• **Activity**
The result should be an exact copy of the entries that follow, with no pictures included.

• **Recorded information**

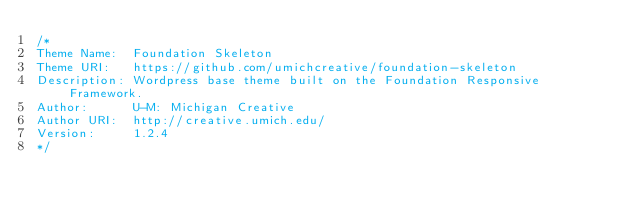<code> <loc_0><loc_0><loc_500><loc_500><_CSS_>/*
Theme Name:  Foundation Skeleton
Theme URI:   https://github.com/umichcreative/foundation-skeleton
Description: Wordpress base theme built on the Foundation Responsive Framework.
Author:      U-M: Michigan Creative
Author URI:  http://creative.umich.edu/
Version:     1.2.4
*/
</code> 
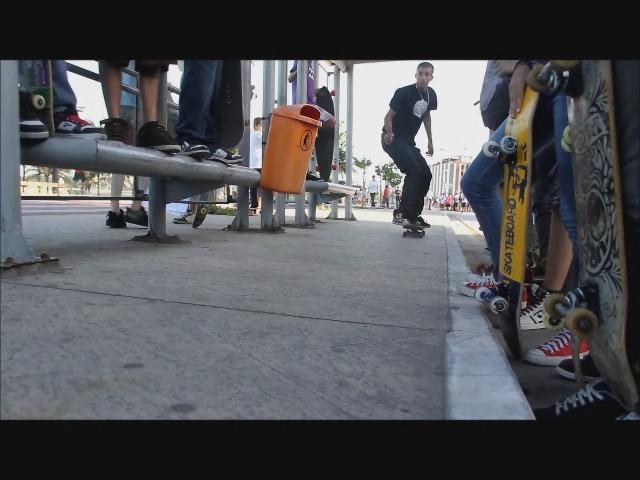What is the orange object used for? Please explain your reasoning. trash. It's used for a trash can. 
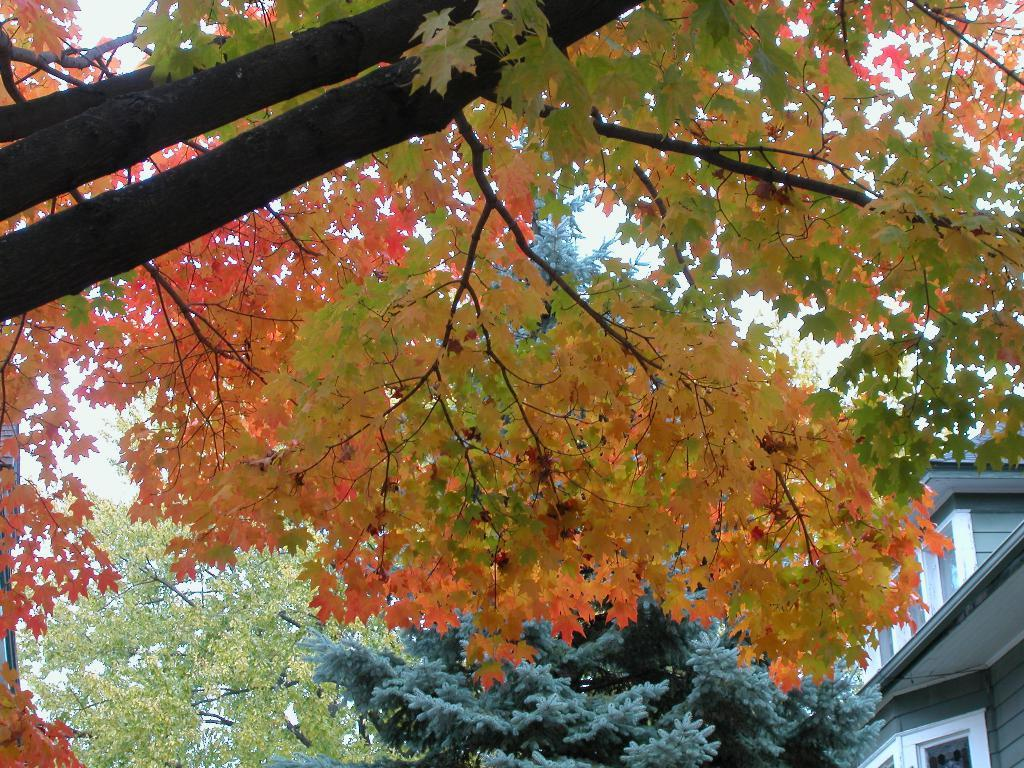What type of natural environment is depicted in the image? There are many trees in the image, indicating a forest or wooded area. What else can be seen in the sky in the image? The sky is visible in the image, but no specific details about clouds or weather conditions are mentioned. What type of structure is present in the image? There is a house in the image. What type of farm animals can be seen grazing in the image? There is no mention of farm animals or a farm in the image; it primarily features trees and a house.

• **Solved problem**
<code> <loc_0><loc_0><loc_500><loc_500><_CSS_>/*
Theme Name:  Foundation Skeleton
Theme URI:   https://github.com/umichcreative/foundation-skeleton
Description: Wordpress base theme built on the Foundation Responsive Framework.
Author:      U-M: Michigan Creative
Author URI:  http://creative.umich.edu/
Version:     1.2.4
*/
</code> 
What is the orange object used for? Please explain your reasoning. trash. It's used for a trash can. 
What type of natural environment is depicted in the image? There are many trees in the image, indicating a forest or wooded area. What else can be seen in the sky in the image? The sky is visible in the image, but no specific details about clouds or weather conditions are mentioned. What type of structure is present in the image? There is a house in the image. What type of farm animals can be seen grazing in the image? There is no mention of farm animals or a farm in the image; it primarily features trees and a house.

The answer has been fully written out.